Sunday, October 28, 2012

The Same God Then; The Same God Now

Today's Old Testament and Gospel readings come from very different times in biblical history and they deal with very different characters.  However, these two scriptures have much in common.

Both men are impoverished.  Job has lost all of his wealth, his property, his livestock; he has lost his family, and his friends have turned against him.  Bartimaeus is a beggar incapable of work in the ancient world.

Both men have some level of knowledge of God.  Job has "had heard of [God] by the hearing of the ear."  Bartimeaus heard that Jesus of Nazareth was passing through town and declared him "Son of david."

The texts tell us that both men are blind:  Job metaphorically; who only "now...sees [God]."  Bartimaeus is literally blind.

Both men are regarded by their contemporaries as problematic in someway.  For the first 37 chapters of the book of Job, Job's friends and family tell him that he must have done something to offend God that he has been judged and punished so harshly.  Bartimaeus is sternly ordered to be quiet when he cries out to Jesus for mercy.
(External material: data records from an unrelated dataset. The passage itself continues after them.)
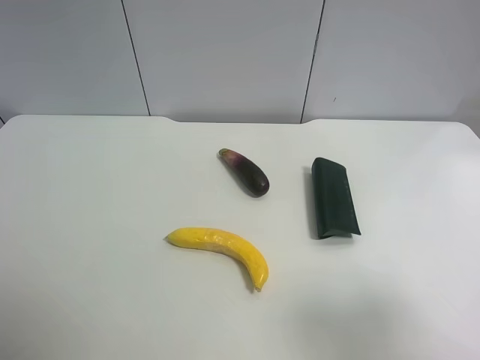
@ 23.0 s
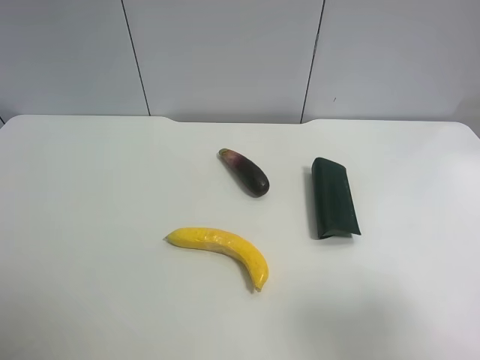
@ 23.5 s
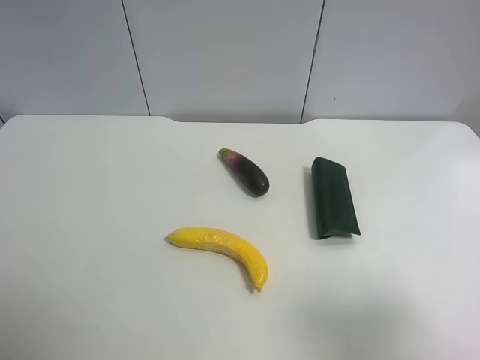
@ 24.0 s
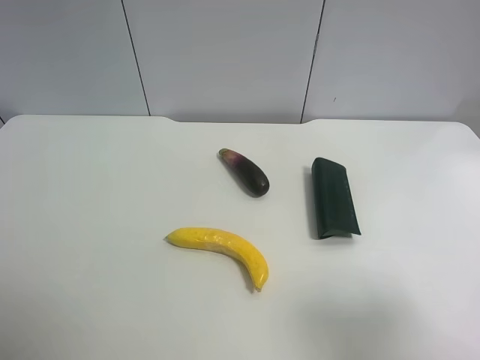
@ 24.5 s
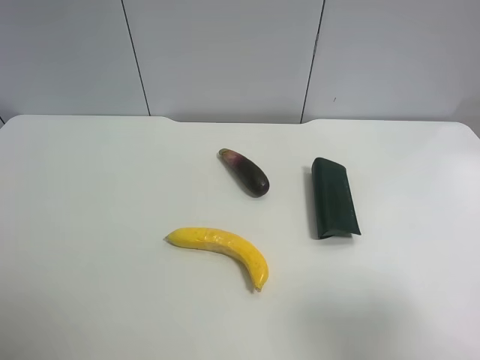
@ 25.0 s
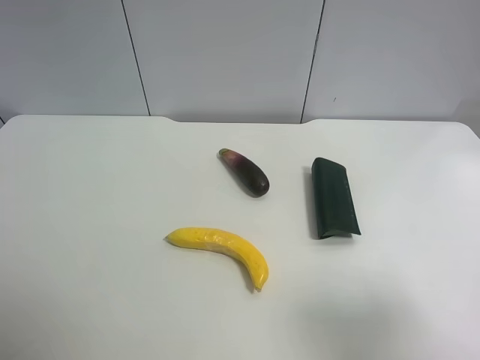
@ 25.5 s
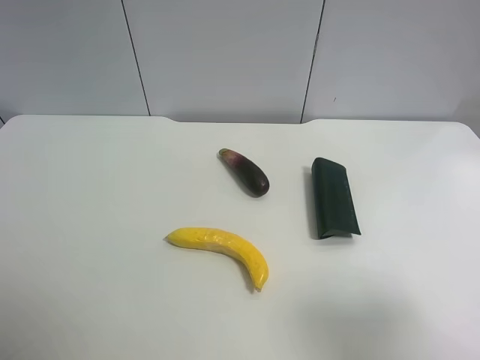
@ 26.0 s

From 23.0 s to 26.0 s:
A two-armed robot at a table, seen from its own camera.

Both men encounter God.  Job is responding in this morning's passage to questions God has posed to him.  Bartimaeus calls out to Jesus, the physical embodiment of God on earth, for mercy.
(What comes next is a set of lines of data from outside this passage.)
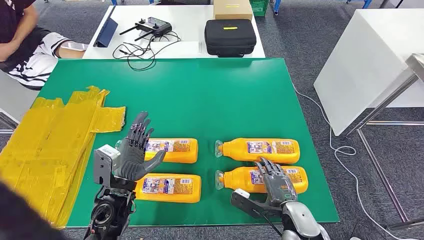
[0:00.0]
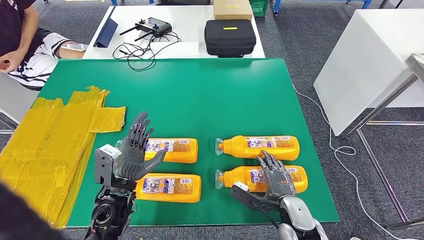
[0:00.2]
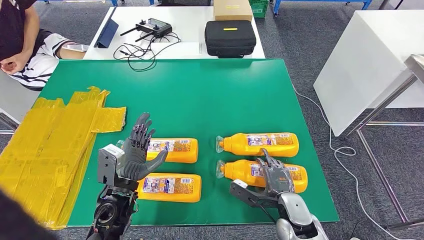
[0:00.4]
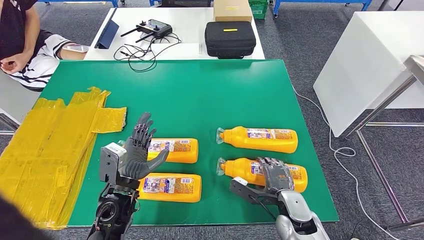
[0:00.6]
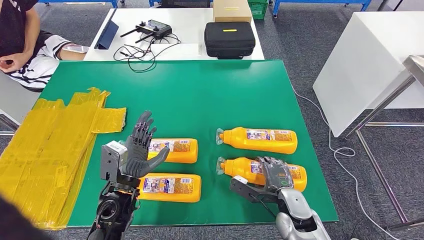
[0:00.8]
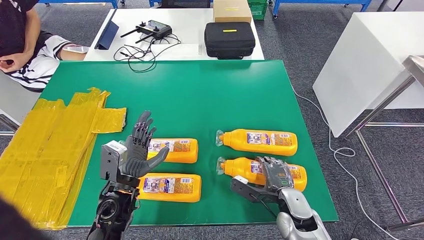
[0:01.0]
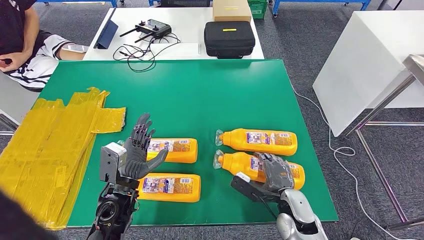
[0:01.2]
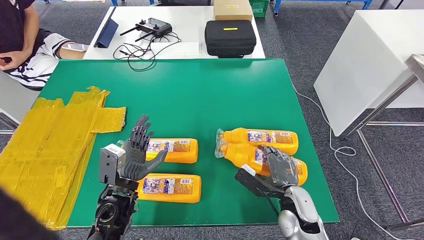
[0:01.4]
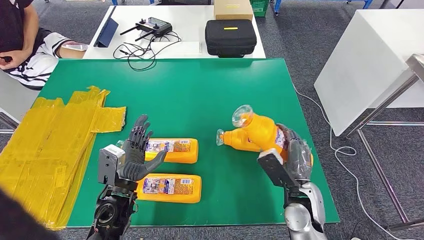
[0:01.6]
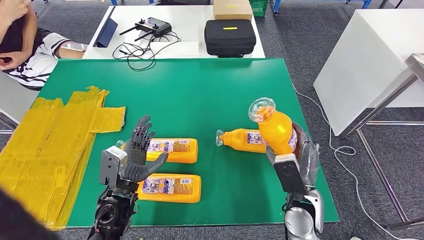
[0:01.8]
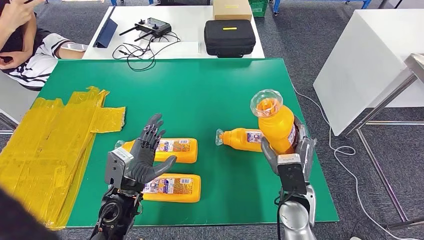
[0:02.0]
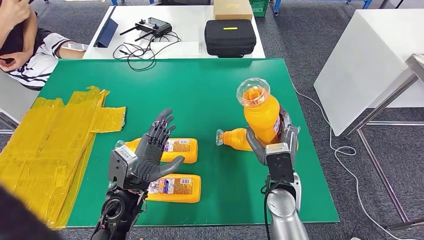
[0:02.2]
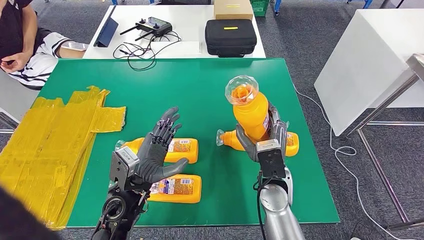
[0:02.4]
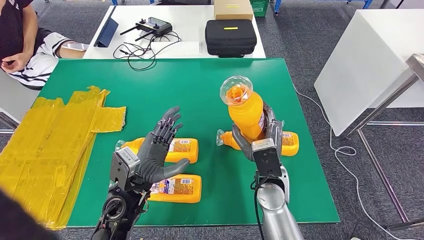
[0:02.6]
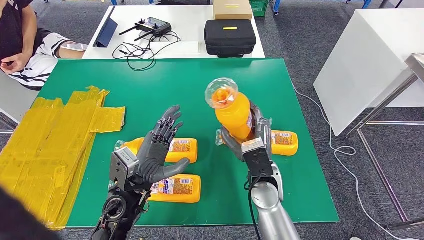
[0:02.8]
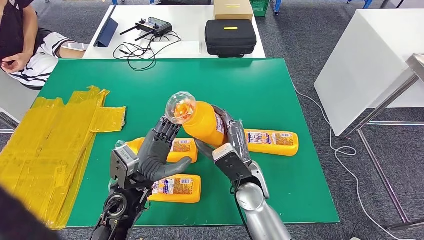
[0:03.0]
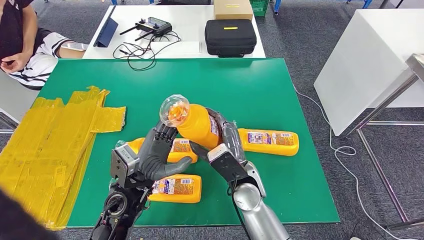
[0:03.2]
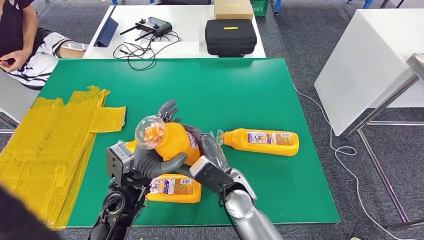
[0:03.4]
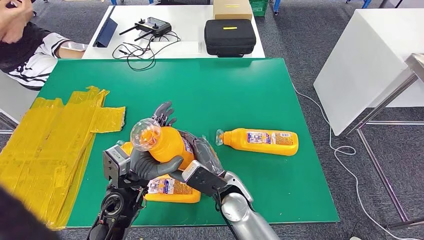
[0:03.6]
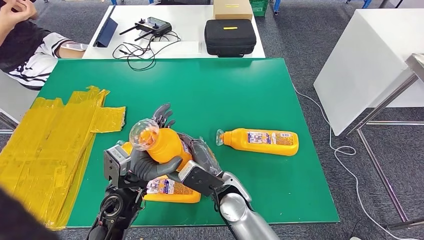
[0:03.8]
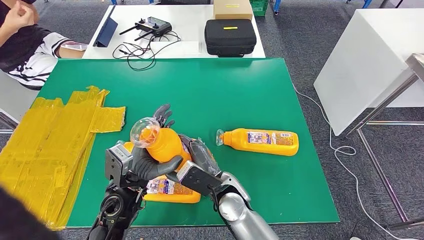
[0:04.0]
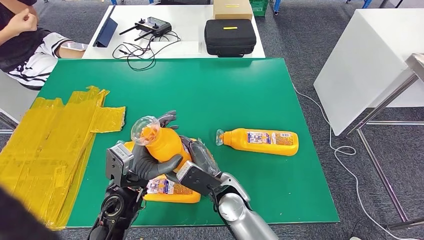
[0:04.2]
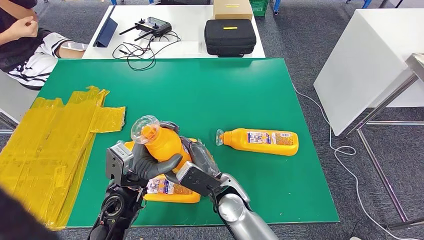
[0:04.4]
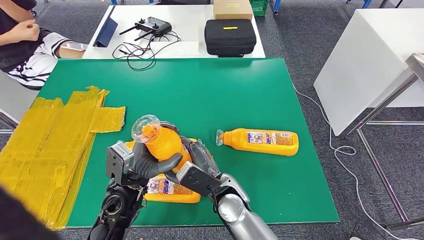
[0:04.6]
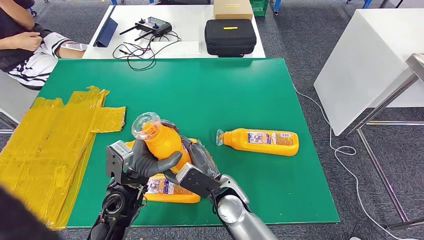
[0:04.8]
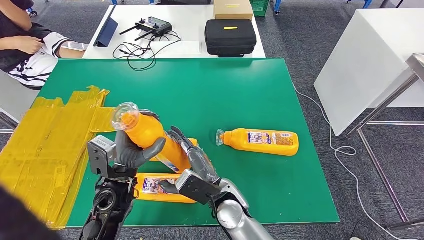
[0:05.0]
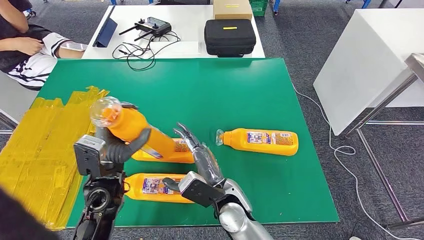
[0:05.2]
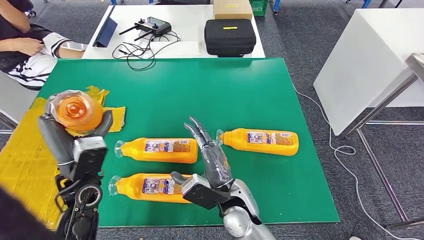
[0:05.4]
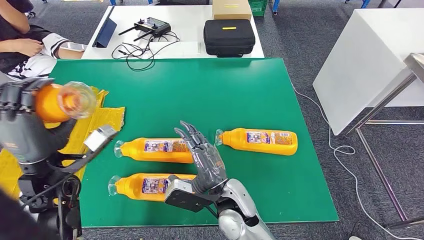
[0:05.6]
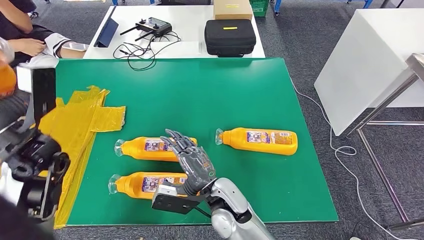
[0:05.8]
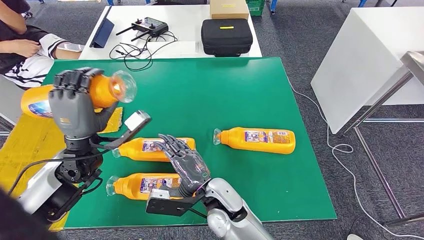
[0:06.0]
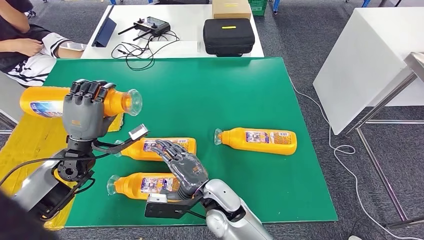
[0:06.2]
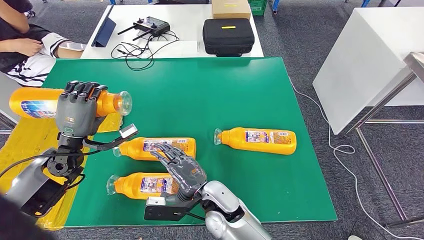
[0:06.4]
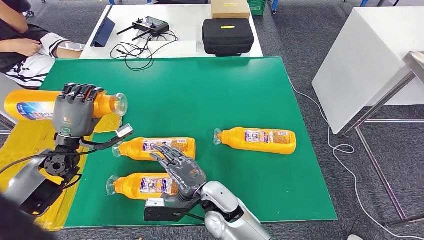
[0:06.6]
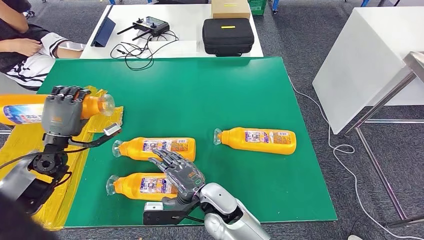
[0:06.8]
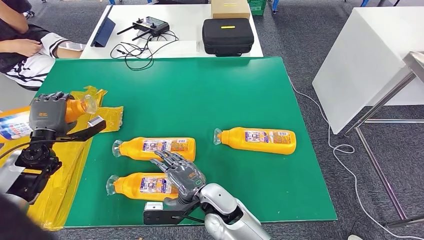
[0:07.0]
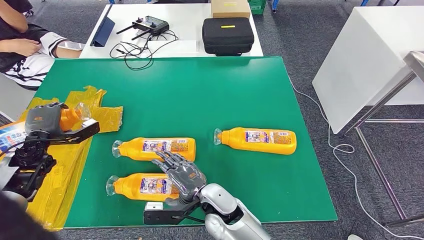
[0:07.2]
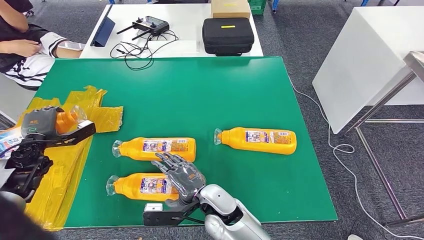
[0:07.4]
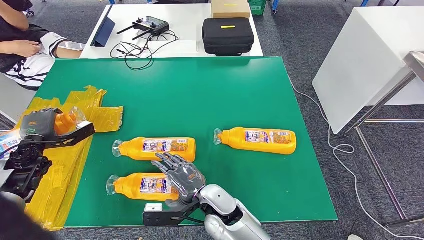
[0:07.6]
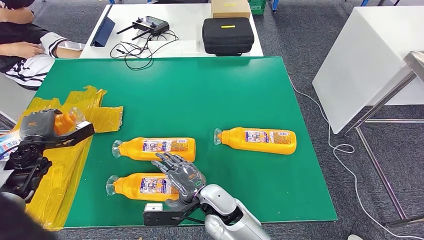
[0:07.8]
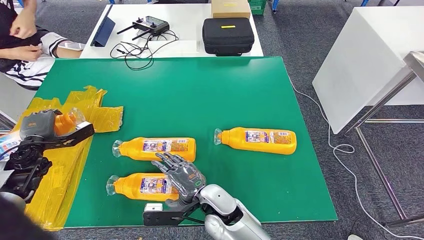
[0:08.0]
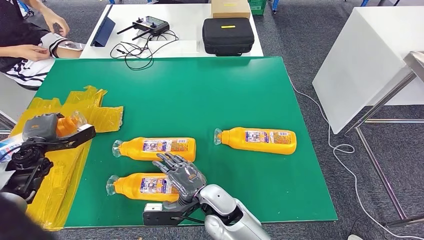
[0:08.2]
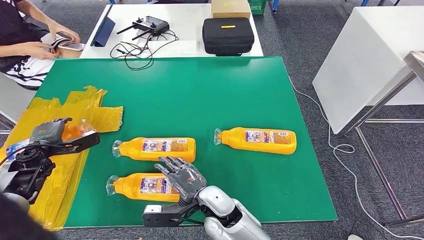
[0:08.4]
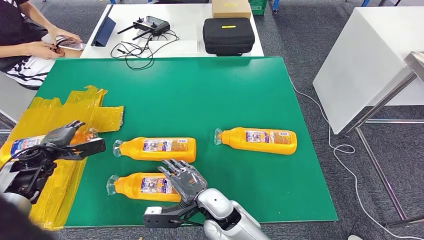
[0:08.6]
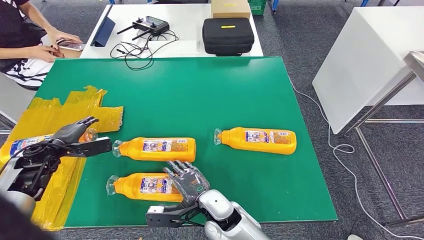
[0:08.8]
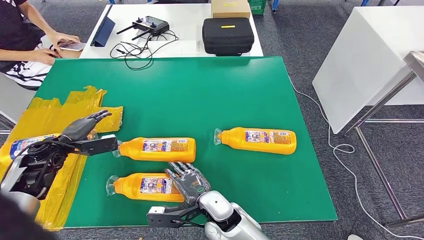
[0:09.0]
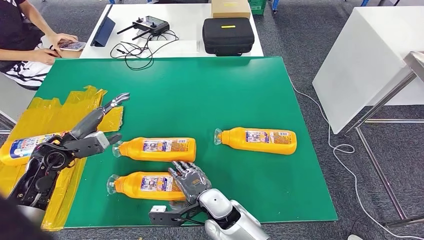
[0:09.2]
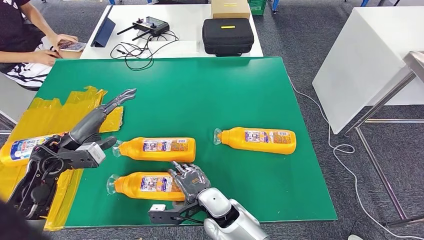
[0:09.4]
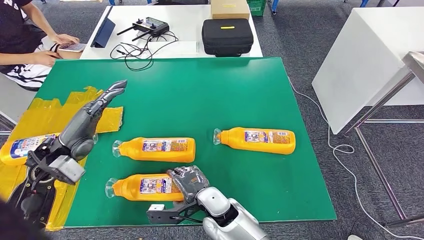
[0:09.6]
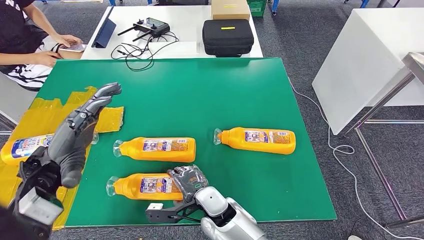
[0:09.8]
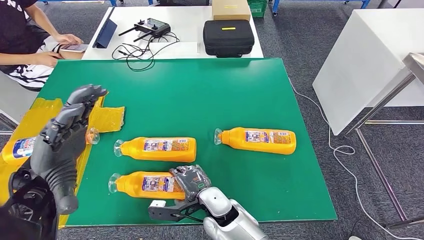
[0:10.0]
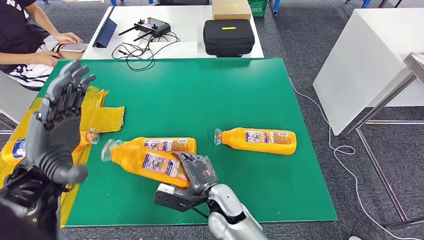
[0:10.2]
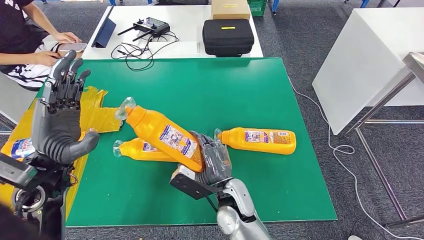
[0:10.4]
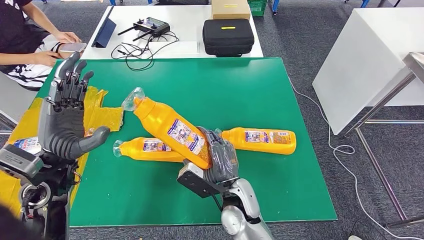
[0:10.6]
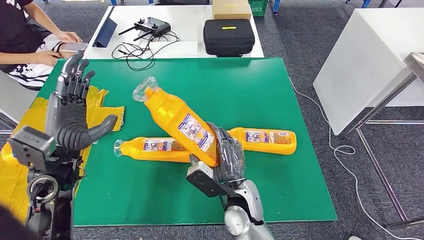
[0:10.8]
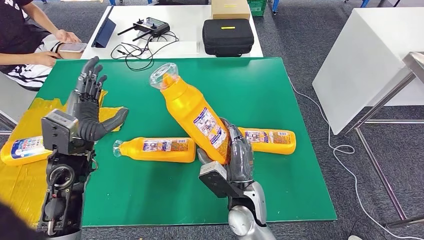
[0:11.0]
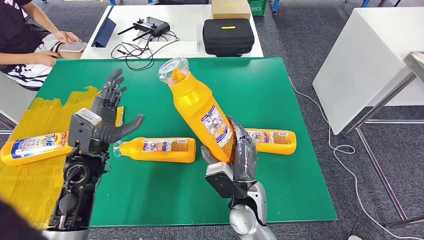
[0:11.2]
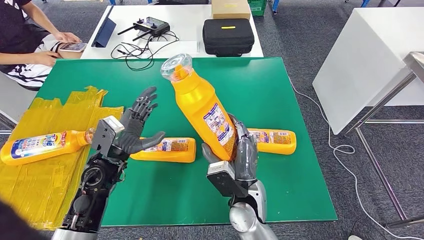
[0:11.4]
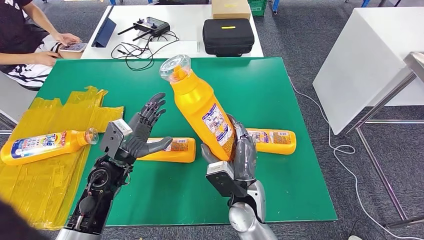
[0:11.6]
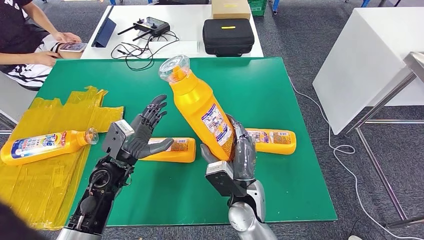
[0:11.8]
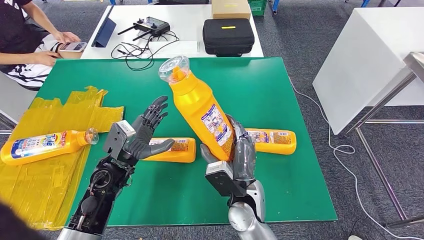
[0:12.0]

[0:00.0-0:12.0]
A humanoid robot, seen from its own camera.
Step, 0:00.0 to 0:02.8: Take the fast-moving consumer goods bottle from the table.
Step, 0:03.4 to 0:09.4: Flip the fast-moving consumer goods bottle to the front side.
0:01.6 to 0:03.0: The left hand moves approximately 5 cm, while the right hand goes some 15 cm to the left.
0:03.0 to 0:04.4: The right hand changes place by approximately 5 cm.

Both men's lives are changed after their encounter with God.  Job's fortunes are restored twice over.  Bartimaeus's sight is restored and he follows Jesus.  Both men see God.

After Job is restored, he celebrates with his friends and family.

Twice Bartimaeus cries out to Jesus.  After the second time Bartimaeus calls out to him, Jesus stands still.  Jesus does not approach Bartimaeus, but rather commands those around him to call Bartimaeus over.

In both of these stories, community is present: the first to celebrate Job's restored fortune, the second to bring Bartimeaus to Jesus himself.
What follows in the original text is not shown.